While observing Schiffbruch mit Wolf (Shipwreck with Wolf), a vast canvas painted by Ruprecht von Kaufmann, a boundless feeling of mysterious vastness catches our mind at glance. The sea is a mirror to the dark sky and it is only the different texture of colour, smooth and flowing towards the top part of the painting, creamy, mellow and layered towards the bottom part, that allows the eye to distinguish what is air and what is water. A boat lies in the center. This main object is the only one that captures our eye in this continuum of purple, indigo and silver shadows. On board two men in front of each other stand out in bright orange clothes with blurred features. Hence, where does the wolf in the title stand? “The wolf shows itself only in front of men who face themselves alone”; with this quote the artist partially solves the interpretation of this enigma.
We believe that the painting could simply represent the theoretic condition “homo homini lupus” investigated by Thomas Hobbes, which consists of the predatory tendency of human behavior in front of its own kind. But what Kaufmann really seems to explore and display constantly in his work reminds us of a real individuation process, theorized by Carl Gustav Jung. This foresees that the individual faces the brave mission of encountering his own Shadow, the darkest side of human mind, which coincides with the most primitive parts of personality, with the instinctual drive that the rational mind tries to repress. What is shown is the constant journey towards the discovery of our authentic nature, an introspective voyage through the depths of the psyche. Therefore the artist often uses the sea, declaring that he has always been fascinated by the ambiguity of water, necessary for life but at the same time an object of mysterious and ferocious destruction.
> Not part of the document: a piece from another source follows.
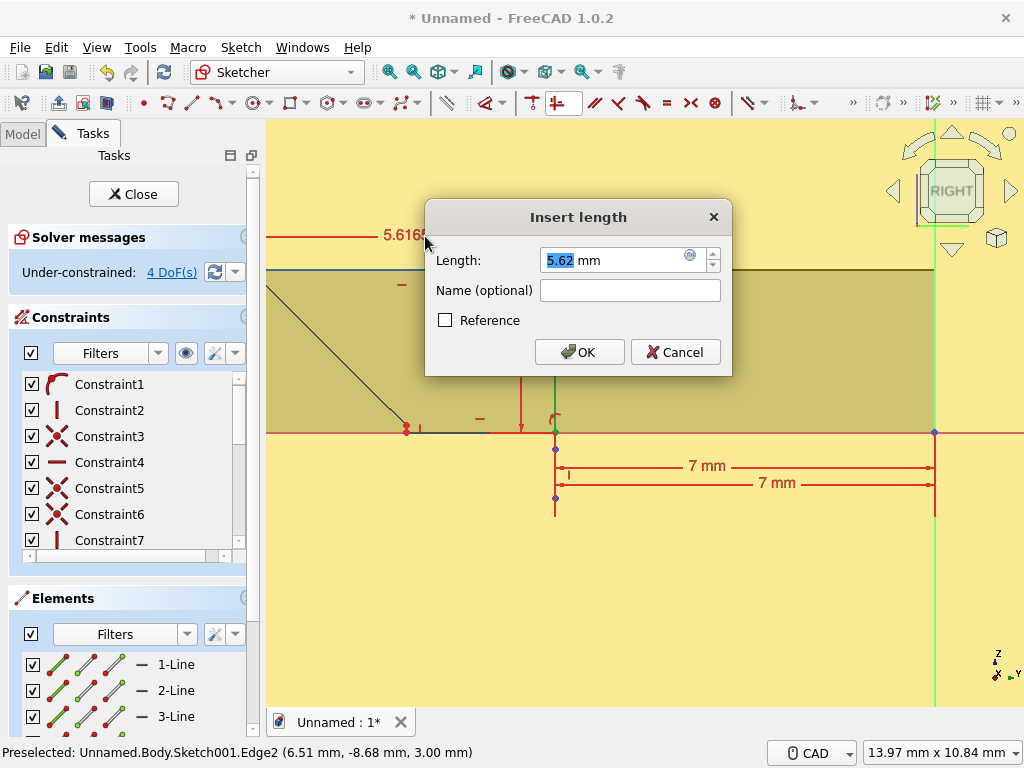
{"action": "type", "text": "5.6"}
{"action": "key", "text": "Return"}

Sea and sky at night create the symbolic landscape which is ideal for portraying the lonely introspection process and the shades of the painting, often used by the artist, because they have “a very immediate emotional impact on the viewer”, allow the audience to experience a direct empathetic connection. Kaufman says: “I’m interested in what lies before rational thought”. For this reason a strong mythology and animal reference is present in his work. Therefore, in myths he seems to favour creatures in which human and animal nature coexist, such as the Sphynx, centaurs and minotaurs. In these figures the instinctual part exists strongly, as well and still is today, despite the secular process of civilization, in the subconscious of mankind. In fact, men are the only cultural animals able to handle their wild side through rational thoughts and feelings which are sublimated and acknowledged emotions. to be dealt with and not suppressed. “Greek Mythology expecially is full of amorphous creatures, half human, half animal. That’s not a coincidence. It’s a reflection of a very basic human struggle” which consists of trying to keep our body and its animal needs connected with the rational mind. What immediately comes to mind is Plato’s Chariot driven by two horses, one white and one black, dissident driving forces, led by a conscious chase whose task is to be able to give the white stallion reins which will lead him beyond the highest sky to contemplate the Hyperuranion. Kaufmann does something different, employing a more modern and opposite approach. In his painting, the artist seems able to guide his chariot in an exploration, in which he observes the deepest psyche without judging, instead empathizing with the unheard and demanding parts, in order to re-emerge enriched with experience. “When I paint, I’m interested in telling stories of experiences that are both individual and universal [...] and that’s why the heads of the characters in my canvases are blurred, erased, covered: I do not want my figures to be portraits of a specific subject but rather archetypes”. Although the paintings show powerful moving images, Kaufmann, unlike many of his colleagues, does not aim at shocking, he does not use traumatic tricks to describe the journey of the human soul. His work is like a lucid dream driven by an extreme desire of discovery. This desire is devoted to sharing all collective feelings that dwell in every man.